■ **Stored records**
——————————
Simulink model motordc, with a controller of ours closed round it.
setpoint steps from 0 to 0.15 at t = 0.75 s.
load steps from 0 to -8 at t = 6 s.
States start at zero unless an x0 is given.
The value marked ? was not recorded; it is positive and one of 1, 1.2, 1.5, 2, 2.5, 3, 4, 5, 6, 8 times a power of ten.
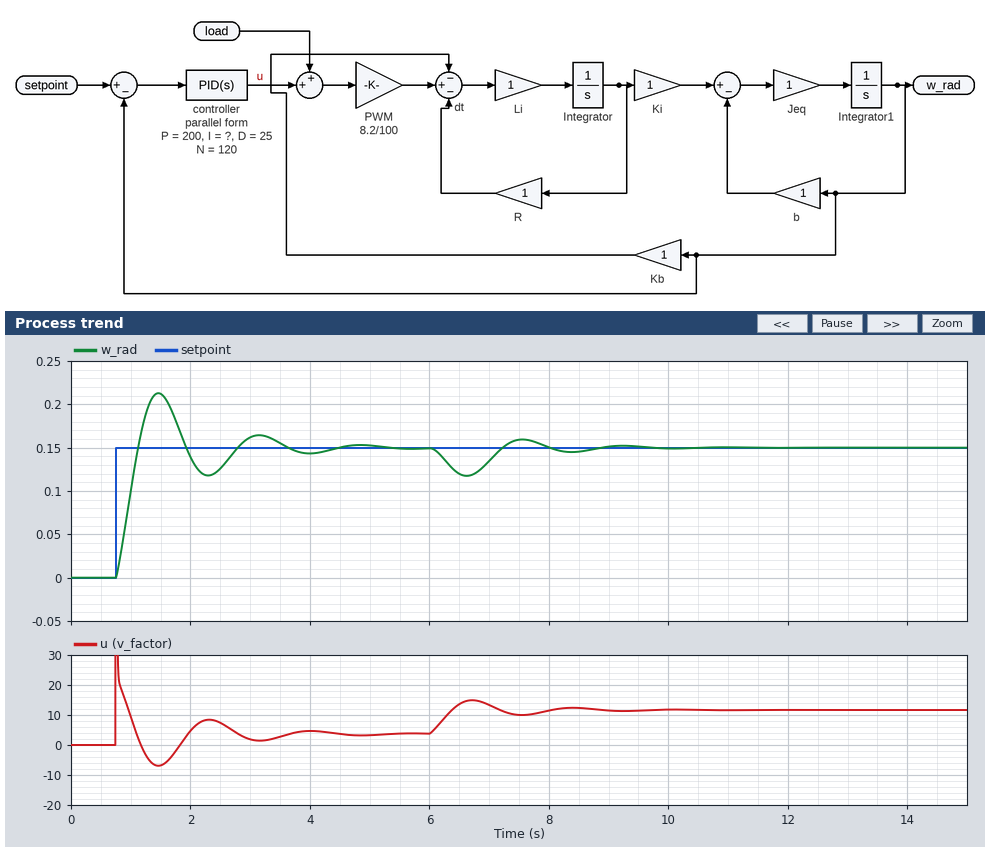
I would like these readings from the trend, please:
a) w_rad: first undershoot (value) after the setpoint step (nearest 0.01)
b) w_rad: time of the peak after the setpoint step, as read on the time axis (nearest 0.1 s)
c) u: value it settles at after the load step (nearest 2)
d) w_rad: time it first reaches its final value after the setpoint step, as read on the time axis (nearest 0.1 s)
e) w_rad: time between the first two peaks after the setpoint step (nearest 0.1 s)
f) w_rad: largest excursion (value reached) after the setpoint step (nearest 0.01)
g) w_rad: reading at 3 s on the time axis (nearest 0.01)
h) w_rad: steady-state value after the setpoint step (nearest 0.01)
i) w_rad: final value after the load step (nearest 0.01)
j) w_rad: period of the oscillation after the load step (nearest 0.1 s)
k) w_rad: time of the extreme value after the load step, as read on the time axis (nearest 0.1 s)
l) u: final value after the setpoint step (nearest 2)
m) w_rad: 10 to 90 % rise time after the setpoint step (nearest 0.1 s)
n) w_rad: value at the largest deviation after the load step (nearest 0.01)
——————————
Your answer must be the records exactly as they stand, with no pictures in it.

■ **ANSWER SECTION**
Simulink model motordc, with a controller of ours closed round it.
setpoint steps from 0 to 0.15 at t = 0.75 s.
load steps from 0 to -8 at t = 6 s.
States start at zero unless an x0 is given.
The value marked ? was not recorded; it is positive and one of 1, 1.2, 1.5, 2, 2.5, 3, 4, 5, 6, 8 times a power of ten.
I would like these readings from the trend, please:
a) w_rad: first undershoot (value) after the setpoint step (nearest 0.01)
b) w_rad: time of the peak after the setpoint step, as read on the time axis (nearest 0.1 s)
c) u: value it settles at after the load step (nearest 2)
d) w_rad: time it first reaches its final value after the setpoint step, as read on the time axis (nearest 0.1 s)
e) w_rad: time between the first two peaks after the setpoint step (nearest 0.1 s)
f) w_rad: largest excursion (value reached) after the setpoint step (nearest 0.01)
g) w_rad: reading at 3 s on the time axis (nearest 0.01)
h) w_rad: steady-state value after the setpoint step (nearest 0.01)
i) w_rad: final value after the load step (nearest 0.01)
j) w_rad: period of the oscillation after the load step (nearest 0.1 s)
k) w_rad: time of the extreme value after the load step, as read on the time axis (nearest 0.1 s)
l) u: final value after the setpoint step (nearest 2)
m) w_rad: 10 to 90 % rise time after the setpoint step (nearest 0.1 s)
n) w_rad: value at the largest deviation after the load step (nearest 0.01)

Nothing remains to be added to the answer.